Kate Middleton Prince William
Kate Middleton and Prince William are pictured Nov. 17, 2015, at the French Embassy in London, where they signed a book of condolences following the terrorist attacks Friday in Paris. Getty Images

Prince William and Kate Middleton paid their respects to the victims of the Paris terrorist attacks when they visited the French Embassy in Knightsbridge, London, Tuesday. The Duke and Duchess of Cambridge penned a note and signed their names in a book of condolences, which was created in the wake of Friday’s massacre, the U.K.’s Daily Mail reported Tuesday.
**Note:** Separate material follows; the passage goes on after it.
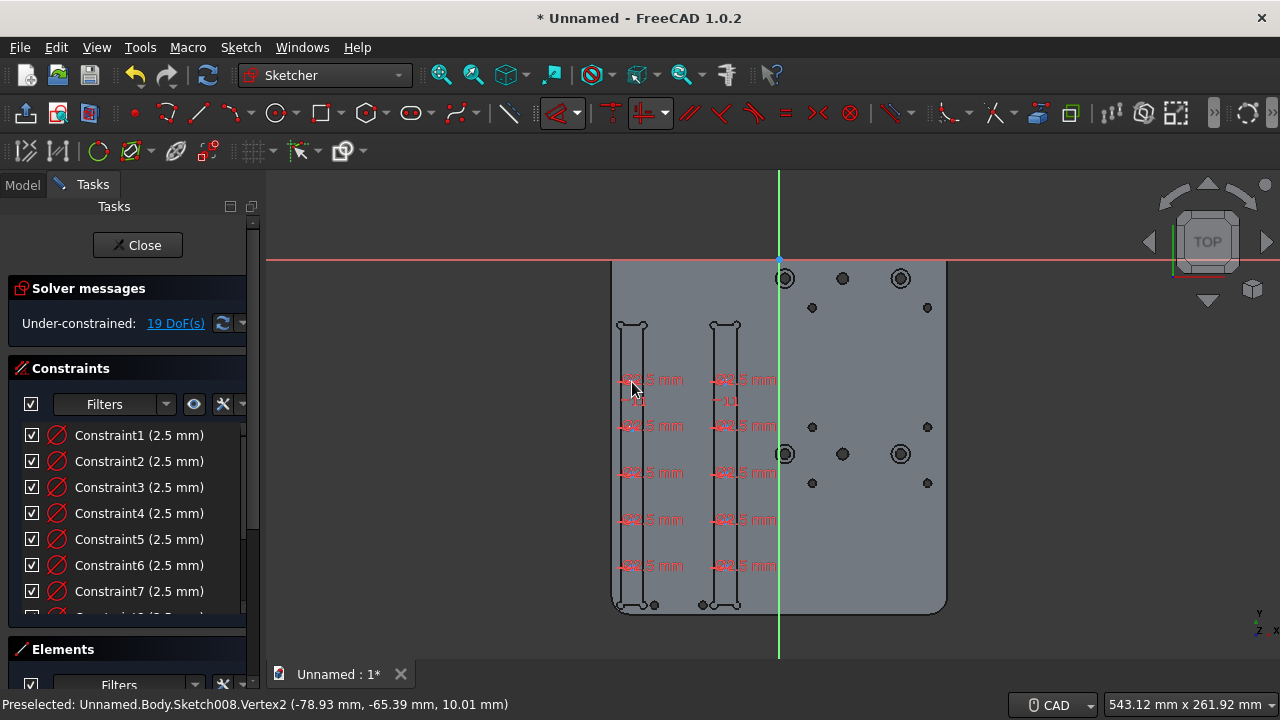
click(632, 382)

“To all those who have died and were injured in the heartless attacks in Paris, and to all the people in France: Nos plus sincères condoléances,” the royals wrote. “Nos plus sincères condoléances” translates to “our deepest condolences.” Middleton paused to read the message before she signed “Catherine” under William’s signature.

Prince William and Kate Middleton wrote a heartfelt message to the victims of the terrorist attack in Paris at the French Embassy in Knightsbridge, London Tuesday, Nov. 17, 2015. Getty Images

The couple, both 33, spoke with French Ambassador Sylvie Bermann. Middleton asked if Bermann knew anyone affected by the slaughter in Paris; she said she did not. Before they left, William said the tragedy was “truly dreadful.”

Many celebrities have been outspoken since the terrorist attack, including Madonna. She addressed the tragedy at her concert in Stockholm Saturday. “In many ways I feel torn, because it’s like, why am I up here dancing and having fun when people are crying over the loss of their loved ones?” she told the crowd, according to Us Weekly. “However, that is exactly what these people want to do. They want to shut us up. They want to silence us, and we won’t let them. We will never let them.”

Kate Middleton
Duchess of Cambridge Kate Middleton, pictured Nov. 17, 2015, signs her name on a note that Prince William (left) wrote in tribute to the victims of the Paris attacks. Getty Images

"France is at war,” French President François Hollande said Monday. "These attacks were war. It was an attack against our values, against our youth and our way of life.”